I’m getting a weird error trying to feed data into my first pytorch cov-net. Here is the error traceback.


UnpicklingError Traceback (most recent call last)
in
6
7 for epoch in range(max_epochs):
----> 8 for i in (partition[‘train’], labels) in enumerate(training_generator):
9 # Run the forward pass
10 outputs = model(images)

C:\ProgramData\Anaconda3\lib\site-packages\torch\utils\data\dataloader.py in next(self)
344 def next(self):
345 index = self._next_index() # may raise StopIteration
–> 346 data = self.dataset_fetcher.fetch(index) # may raise StopIteration
347 if self.pin_memory:
348 data = _utils.pin_memory.pin_memory(data)

C:\ProgramData\Anaconda3\lib\site-packages\torch\utils\data_utils\fetch.py in fetch(self, possibly_batched_index)
42 def fetch(self, possibly_batched_index):
43 if self.auto_collation:
—> 44 data = [self.dataset[idx] for idx in possibly_batched_index]
45 else:
46 data = self.dataset[possibly_batched_index]

C:\ProgramData\Anaconda3\lib\site-packages\torch\utils\data_utils\fetch.py in (.0)
42 def fetch(self, possibly_batched_index):
43 if self.auto_collation:
—> 44 data = [self.dataset[idx] for idx in possibly_batched_index]
45 else:
46 data = self.dataset[possibly_batched_index]

in getitem(self, index)
24
25 # Load data and get label
—> 26 X = torch.load(root_dir + ID)
27 y = self.labels[ID]
28

C:\ProgramData\Anaconda3\lib\site-packages\torch\serialization.py in load(f, map_location, pickle_module, **pickle_load_args)
384 f = f.open(‘rb’)
385 try:
–> 386 return _load(f, map_location, pickle_module, **pickle_load_args)
387 finally:
388 if new_fd:

C:\ProgramData\Anaconda3\lib\site-packages\torch\serialization.py in _load(f, map_location, pickle_module, **pickle_load_args)
561 f.seek(0)
562
–> 563 magic_number = pickle_module.load(f, **pickle_load_args)
564 if magic_number != MAGIC_NUMBER:
565 raise RuntimeError(“Invalid magic number; corrupt file?”)

UnpicklingError: invalid load key, ‘\xff’.

My image file names and data resides in two dictionaries.

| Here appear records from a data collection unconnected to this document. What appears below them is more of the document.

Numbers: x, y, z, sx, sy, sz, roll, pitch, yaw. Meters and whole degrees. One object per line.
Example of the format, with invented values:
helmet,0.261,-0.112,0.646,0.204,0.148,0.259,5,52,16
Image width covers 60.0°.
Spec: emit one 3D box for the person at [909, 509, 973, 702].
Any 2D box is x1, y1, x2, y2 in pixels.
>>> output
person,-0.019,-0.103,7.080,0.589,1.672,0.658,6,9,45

Dictionary 1 called partition has a train and test key with a list of image filenames.

Here is the data class, transform and data loader:

root_dir = ‘D:\CIS inspection images 0318\train\roof\’

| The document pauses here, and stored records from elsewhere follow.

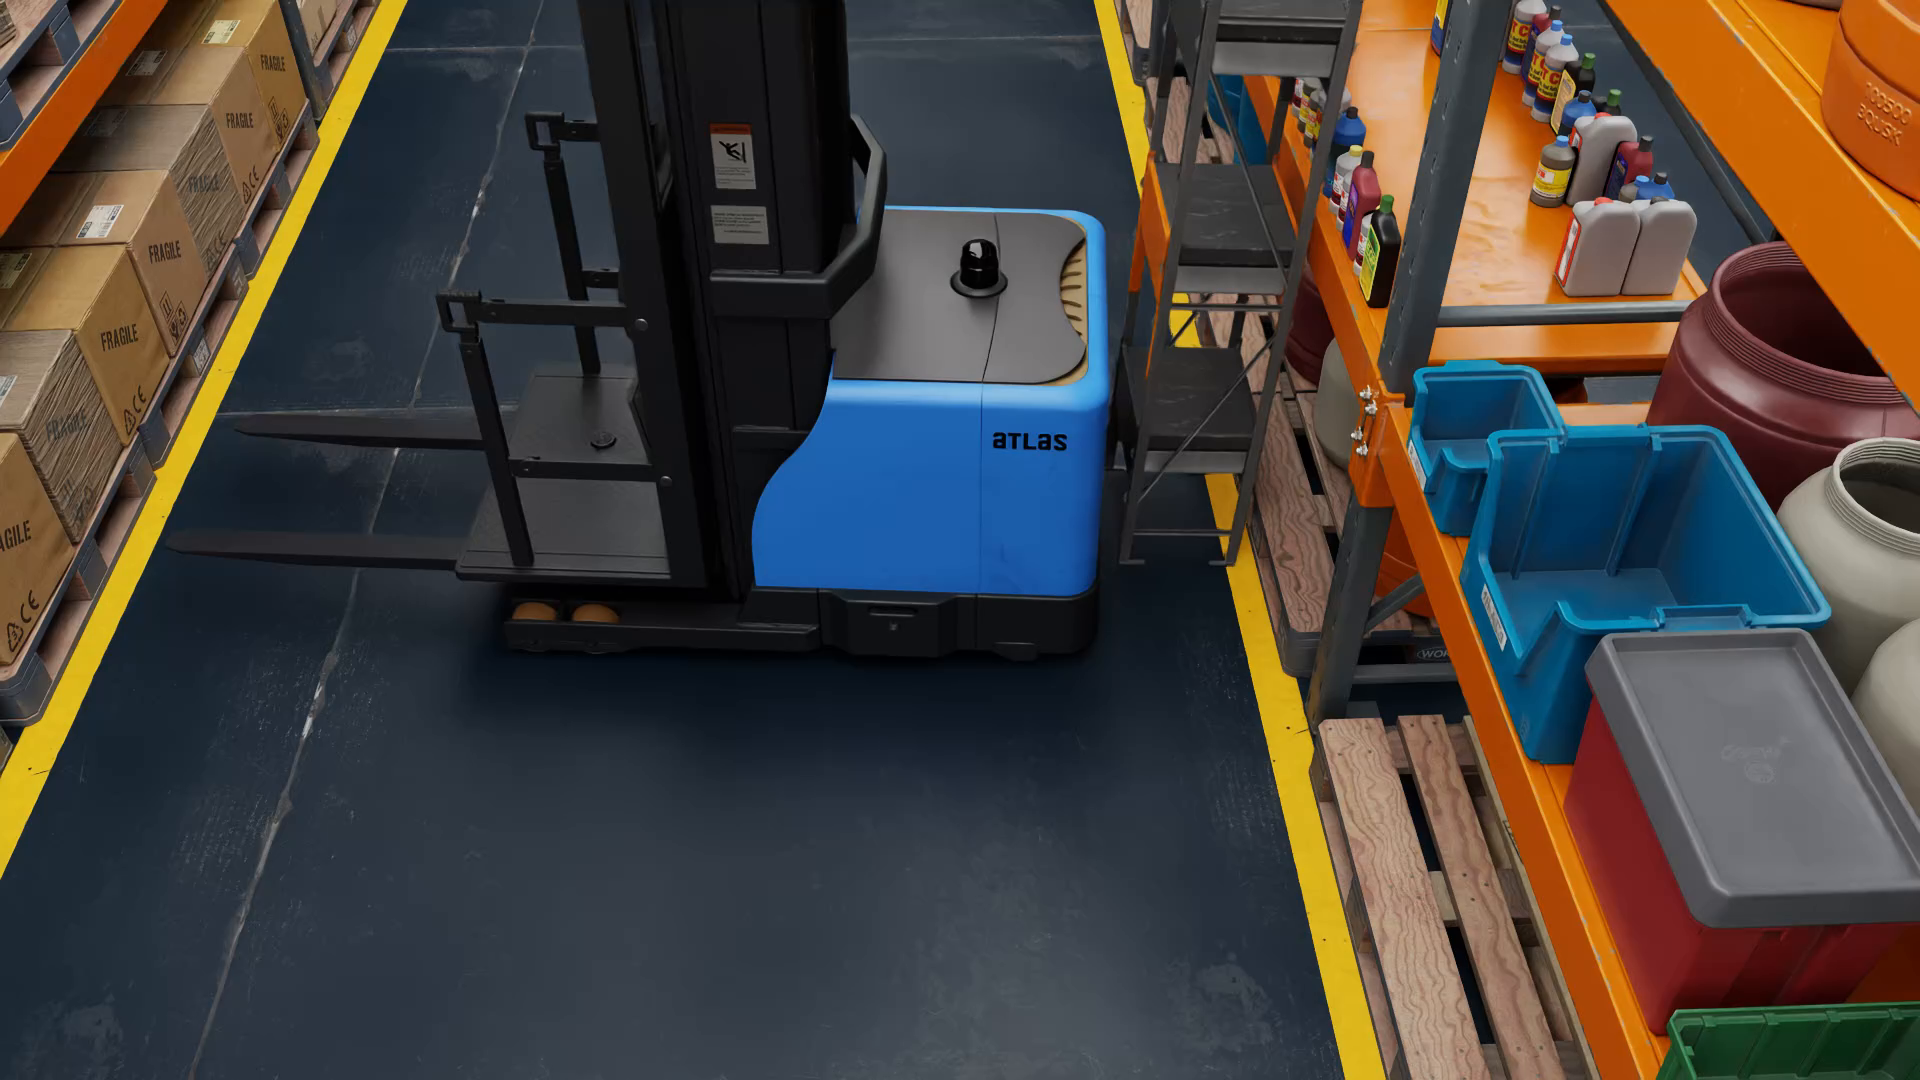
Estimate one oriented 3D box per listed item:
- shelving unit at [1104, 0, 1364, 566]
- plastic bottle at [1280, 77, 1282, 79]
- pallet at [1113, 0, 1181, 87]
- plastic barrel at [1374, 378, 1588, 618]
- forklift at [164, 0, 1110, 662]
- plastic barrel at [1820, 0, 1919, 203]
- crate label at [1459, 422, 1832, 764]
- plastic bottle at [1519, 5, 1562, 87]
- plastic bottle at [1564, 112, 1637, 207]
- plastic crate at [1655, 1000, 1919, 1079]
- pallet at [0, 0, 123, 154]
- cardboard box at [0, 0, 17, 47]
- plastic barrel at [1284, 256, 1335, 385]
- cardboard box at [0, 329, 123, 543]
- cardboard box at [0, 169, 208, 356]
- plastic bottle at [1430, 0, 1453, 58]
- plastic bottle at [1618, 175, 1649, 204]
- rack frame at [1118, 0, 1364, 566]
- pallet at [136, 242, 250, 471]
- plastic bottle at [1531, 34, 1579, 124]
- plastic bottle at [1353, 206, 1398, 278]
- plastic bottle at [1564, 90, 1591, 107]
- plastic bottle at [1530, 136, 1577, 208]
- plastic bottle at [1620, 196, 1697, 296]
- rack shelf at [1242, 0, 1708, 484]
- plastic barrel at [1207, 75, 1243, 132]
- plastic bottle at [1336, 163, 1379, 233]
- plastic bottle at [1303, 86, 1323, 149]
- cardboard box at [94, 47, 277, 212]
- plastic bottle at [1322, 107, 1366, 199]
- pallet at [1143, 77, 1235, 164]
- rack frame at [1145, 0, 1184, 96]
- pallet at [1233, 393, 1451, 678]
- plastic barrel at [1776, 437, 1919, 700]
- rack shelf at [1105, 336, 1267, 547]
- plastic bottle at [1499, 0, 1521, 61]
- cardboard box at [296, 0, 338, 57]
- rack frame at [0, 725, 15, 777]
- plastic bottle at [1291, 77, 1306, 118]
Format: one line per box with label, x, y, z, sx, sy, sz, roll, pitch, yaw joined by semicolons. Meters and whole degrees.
shelving unit;0.779;-0.852;5.106;0.431;2.100;0.503;1;43;-4
plastic bottle;1.119;-1.681;5.401;0.144;0.351;0.185;-2;43;-2
pallet;1.336;-2.726;8.568;1.003;0.211;1.213;-2;43;-2
plastic barrel;1.538;-0.243;5.090;0.600;0.830;0.708;-2;43;-2
forklift;-1.058;-1.069;4.747;3.031;2.935;1.130;2;43;2
plastic barrel;1.422;-0.820;1.887;0.600;0.830;0.708;-2;43;-2
crate label;1.348;0.107;3.387;0.502;0.435;0.616;-2;43;-2
plastic bottle;1.877;-1.598;5.360;0.061;0.283;0.133;-2;43;-2
plastic bottle;1.861;-1.126;4.850;0.152;0.276;0.135;-2;43;-2
plastic crate;1.390;1.053;2.538;0.450;0.188;0.662;-2;43;-2
pallet;-3.460;-1.661;5.484;1.003;0.211;1.213;-2;43;-2
cardboard box;-3.360;-1.655;4.951;0.700;0.500;0.500;6;43;6
plastic barrel;1.490;-0.916;6.003;0.600;0.588;0.708;-2;43;-2
cardboard box;-3.135;-0.328;5.412;0.500;0.500;0.500;-3;43;-3
cardboard box;-3.178;-1.019;6.166;0.500;0.500;0.500;-3;43;-3
plastic bottle;1.673;-1.790;5.520;0.144;0.351;0.185;-2;43;-2
plastic bottle;1.899;-0.931;4.693;0.097;0.201;0.097;0;43;0
rack frame;0.788;-0.685;4.928;0.400;2.100;0.015;1;43;-4
pallet;-3.416;-0.717;6.376;1.003;0.211;1.213;-2;43;-2
plastic bottle;1.868;-1.449;5.207;0.097;0.271;0.097;0;43;0
plastic bottle;1.146;-0.824;4.576;0.097;0.201;0.097;0;43;0
plastic bottle;1.878;-1.268;5.060;0.097;0.201;0.097;0;43;0
plastic bottle;1.737;-1.082;4.858;0.097;0.201;0.097;0;43;0
plastic bottle;1.881;-0.814;4.510;0.152;0.276;0.135;-2;43;-2
rack shelf;1.491;-1.643;5.855;1.077;0.370;4.000;-2;43;-2
plastic barrel;1.412;-2.272;7.251;0.600;0.901;0.708;-2;43;-2
plastic bottle;1.136;-0.980;4.746;0.097;0.201;0.097;0;43;0
plastic bottle;1.116;-1.309;5.105;0.097;0.201;0.097;0;43;0
cardboard box;-3.223;-1.701;6.910;0.500;0.500;0.500;-2;43;-2
plastic bottle;1.128;-1.137;4.866;0.097;0.271;0.097;0;43;0
pallet;1.397;-1.708;7.458;1.003;0.211;1.213;-2;43;-2
rack frame;1.406;-3.259;7.085;1.000;3.000;0.127;-2;43;-2
pallet;1.501;-0.061;5.661;1.003;0.211;1.213;-2;43;-2
plastic barrel;1.833;0.089;3.350;0.421;0.512;0.421;0;43;0
rack shelf;0.743;-0.331;5.592;0.431;0.518;0.480;1;43;-4
plastic bottle;1.822;-1.750;5.531;0.152;0.276;0.135;-2;43;-2
cardboard box;-3.345;-2.579;8.009;0.500;0.311;0.500;-2;43;-2
rack frame;-3.373;-0.419;3.987;1.000;3.000;0.127;-2;43;-2
plastic bottle;1.107;-1.440;5.248;0.097;0.201;0.097;0;43;0

class roof_dataset(Dataset):

'Characterizes a dataset for PyTorch'

def __init__(self, list_IDs, labels, transform):
    'Initialization'
    self.labels = labels
    self.list_IDs = list_IDs
    self.transform = transform

def __len__(self):
        
    'Denotes the total number of samples'
    return len(self.list_IDs)

def __getitem__(self, index):

        'Generates one sample of data'
        # Select sample
        ID = self.list_IDs[index]

        # Load data and get label
        X = torch.load(root_dir + ID)
        y = self.labels[ID]
        
        if self.transform:
            X = self.transform(X)

        return X, y

CUDA for PyTorch

use_cuda = torch.cuda.is_available()
device = torch.device(“cuda:0” if use_cuda else “cpu”)

Parameters

params = {‘batch_size’: 1000,
‘shuffle’: True,
‘num_workers’: 0}
max_epochs = 100

Generators

training_set = roof_dataset(partition[‘train’], labels, transform = train_transforms)
training_generator = data.DataLoader(training_set, **params)

test_set = roof_dataset(partition[‘test’], labels, transform = train_transforms)
test_generator = data.DataLoader(test_set, **params)

Finally, here is where I get the error:

total_step = len(training_generator)
loss_list = []
acc_list = []

for epoch in range(max_epochs):
for i in (partition[‘train’], labels) in enumerate(training_generator):
# Run the forward pass
outputs = model(images)
loss = criterion(outputs, labels)
loss_list.append(loss.item())

    # Backprop and perform Adam optimisation
    optimizer.zero_grad()
    loss.backward()
    optimizer.step()

    # Track the accuracy
    total = labels.size(0)
    _, predicted = torch.max(outputs.data, 1)
    correct = (predicted == labels).sum().item()
    acc_list.append(correct / total)

    if (i + 1) % 100 == 0:
        print('Epoch [{}/{}], Step [{}/{}], Loss: {:.4f}, Accuracy: {:.2f}%'
              .format(epoch + 1, num_epochs, i + 1, total_step, loss.item(),
                      (correct / total) * 100))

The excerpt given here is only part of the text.